You can supplement this by working with academics, consultants, and trainers in this process, but not to transfer their own skills. You should use these intermediaries solely to help you identify what skills you should seek to transfer, if any, from those who have them in comparable organizations to your company's people.

Unless your business is very small or unusual, you already have someone who has at least one of all the essential skills you've determined you need. What you won't have are people who have all the skills they need to be produce great results yet. Relax. This circumstance can improve fairly rapidly through outsourcing, partnering, hiring, and hands-on learning.

Help Wanted

You should investigate how partnering, outsourcing, and hiring compare to training to supplement your existing capabilities. Hiring normally occurs to people first, but will often be the poorest alternative because of the expense, time delays and risks involved.

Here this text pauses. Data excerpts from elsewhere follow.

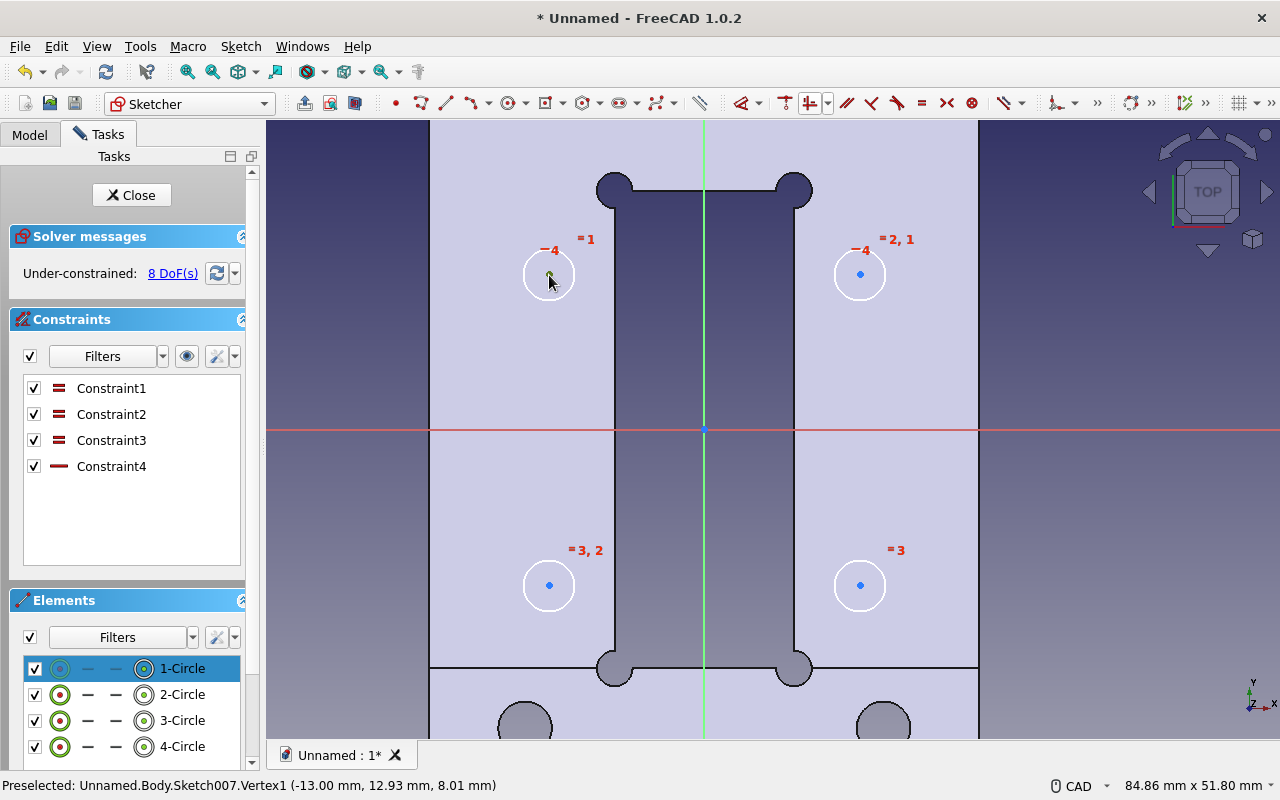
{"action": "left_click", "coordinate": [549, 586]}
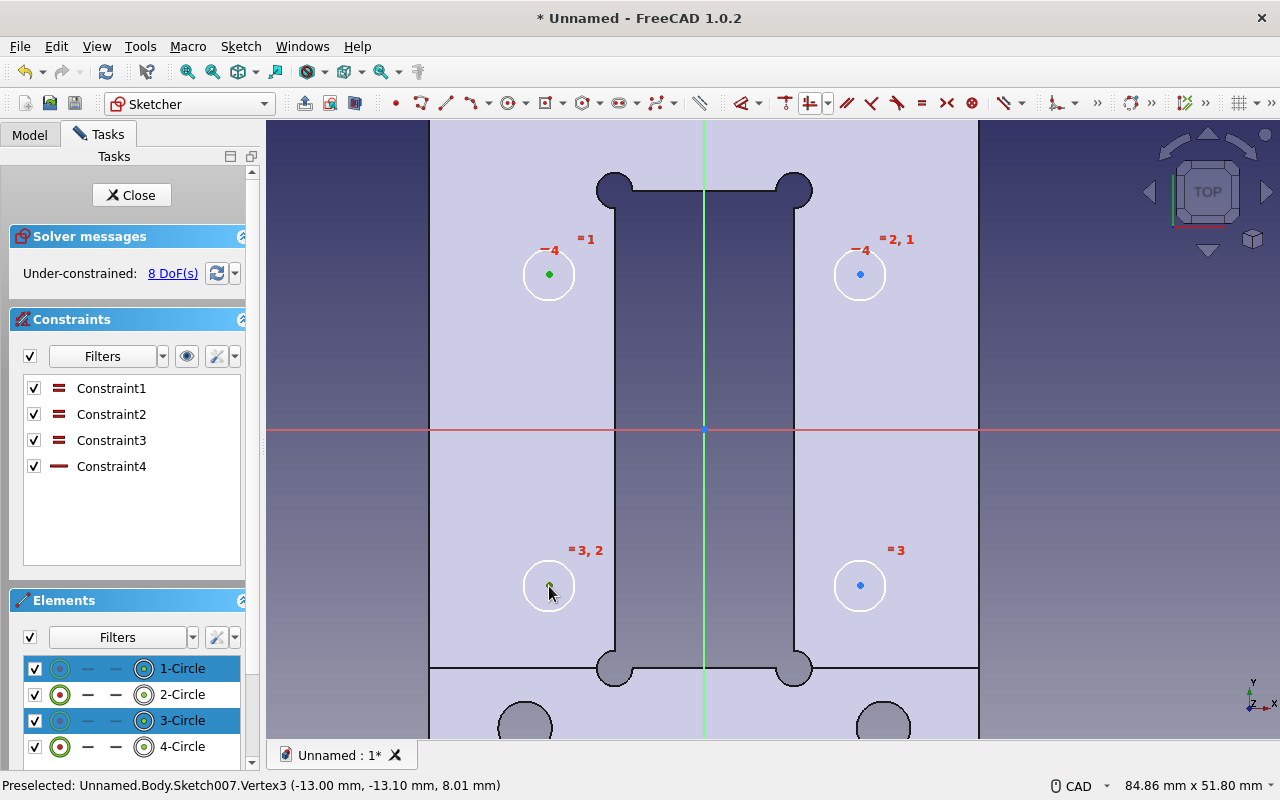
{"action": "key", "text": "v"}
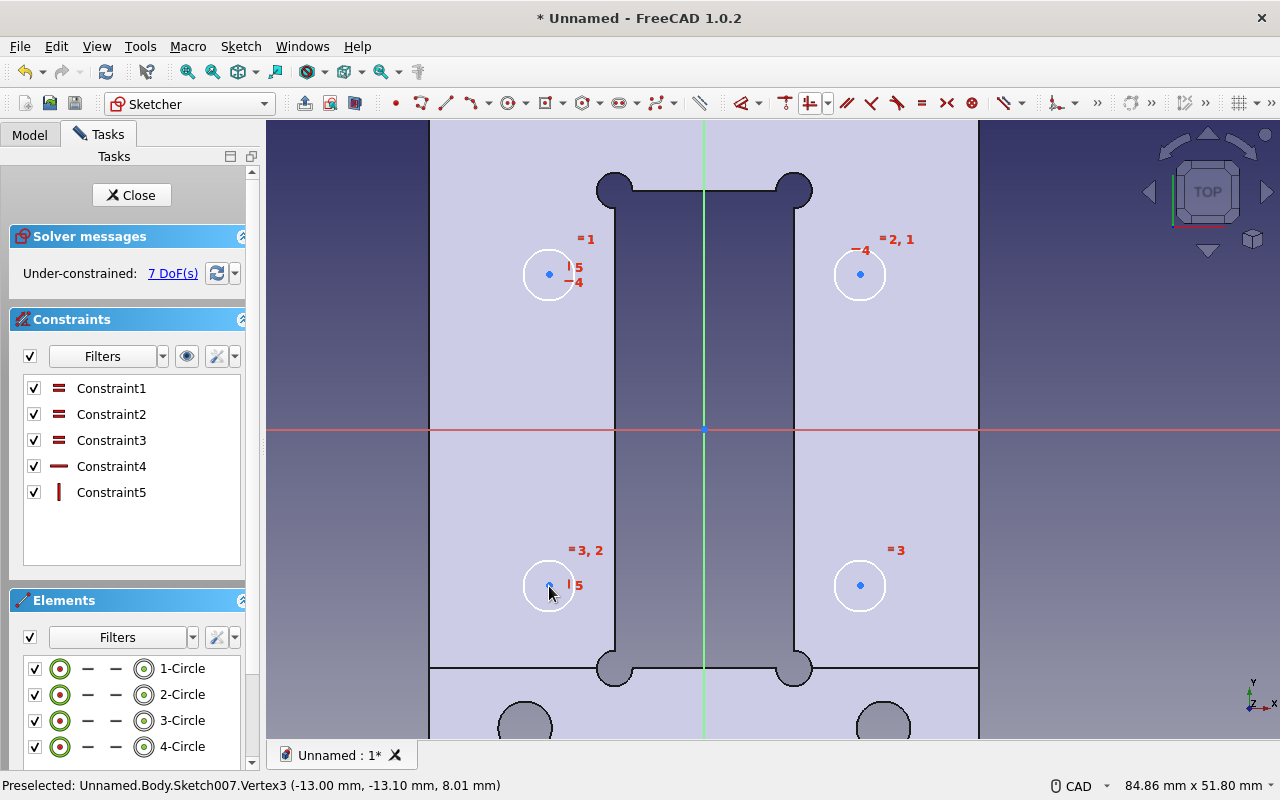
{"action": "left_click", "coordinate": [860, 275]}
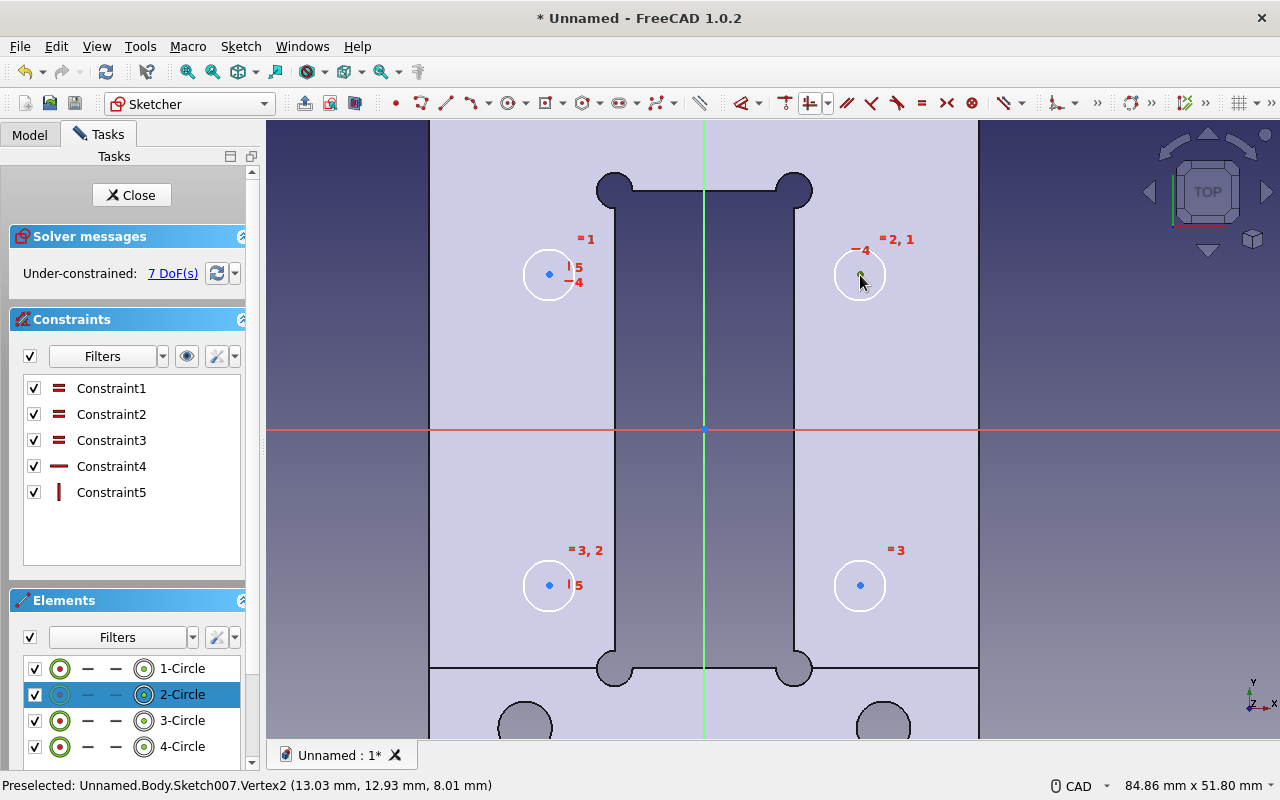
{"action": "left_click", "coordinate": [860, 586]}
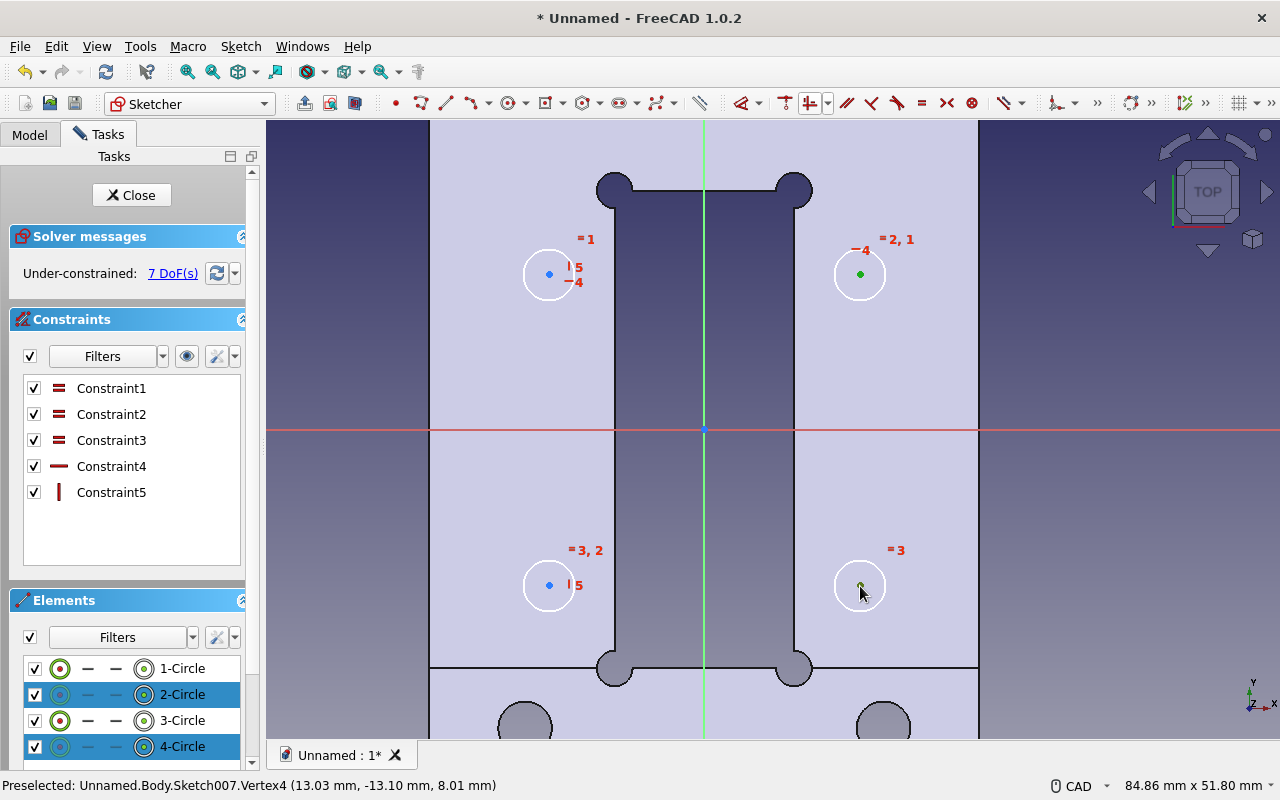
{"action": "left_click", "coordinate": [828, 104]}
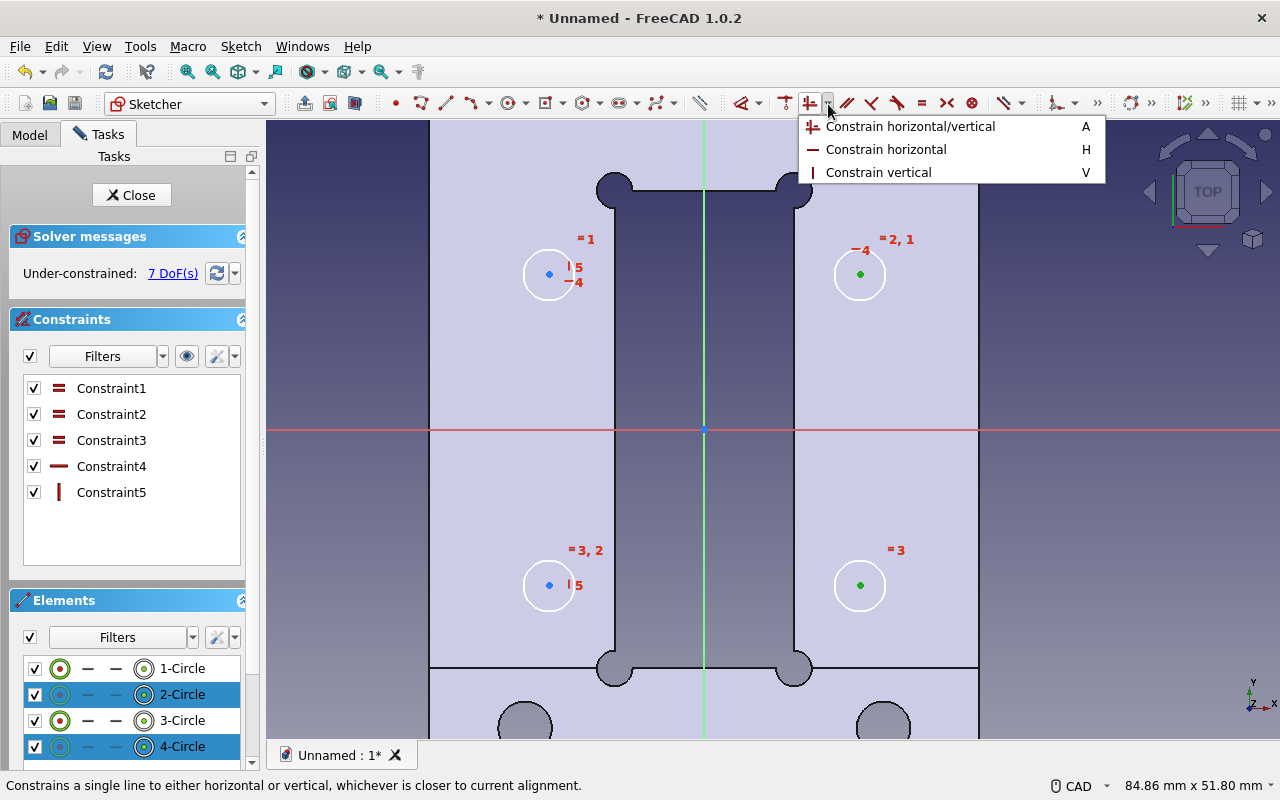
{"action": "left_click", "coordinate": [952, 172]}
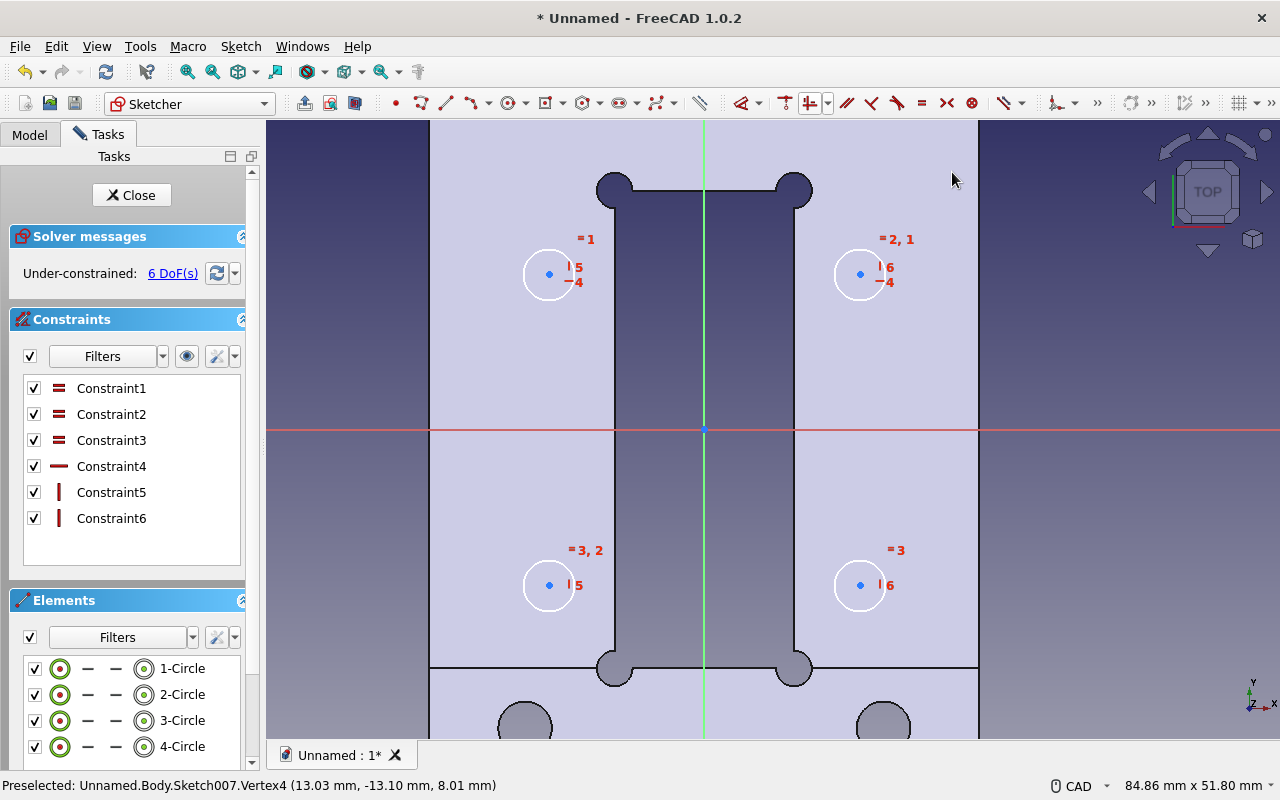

As an example let's consider a case where changes in technology represent shifting irresistible forces. You may find that partnering with academic institutions in evolving technology areas is a much better solution to understanding and tracking those technologies than trying to hire permanently for such a position.

The institution will tend to attract knowledge within the field more effectively than anyone in an outside company can hope to do. On the other hand, you'll get better results by assigning people from your firm to work as liaisons to work with academic partners who are sharing their knowledge. The internal liaison person will have much more knowledge of how to apply the new knowledge to your company than any outside person could have.

Partnering with noncompeting organizations that are implementing adjustments to the same irresistible forces you have provides a major advantage: You can get an additional perspectives on what needs to be done in your company. The partner, in this case, can be a coach for your enterprise in helping you customize the perspective that both of you end up sharing.

Hiring has the important benefit of denying scarce talent from your competitors. Done properly, you may actually preempt the competition's potential progress by attracting those whom your competitors are most likely to need.

Obviously, you should have a significant job for these people. Keep in mind that there is a disproportionate benefit from creating the longest lead time over the competitors' responses.

Your lead time expands the size and duration of your benefits from each shift in irresistible forces. If you can deny competitors access to key resources in several areas, the size and duration of your potential benefits may grow exponentially.
About the Author
Donald Mitchell is an author of seven books including Adventures of an Optimist, The 2,000 Percent Squared Solution, The 2,000 Percent Solution, The 2,000 Percent Solution Workbook, The Irresistible Growth Enterprise, and The Ultimate Competitive Advantage. Read about creating breakthroughs through 2,000 percent solutions and receive tips by e-mail by registering for free at

http://www.2000percentsolution.com .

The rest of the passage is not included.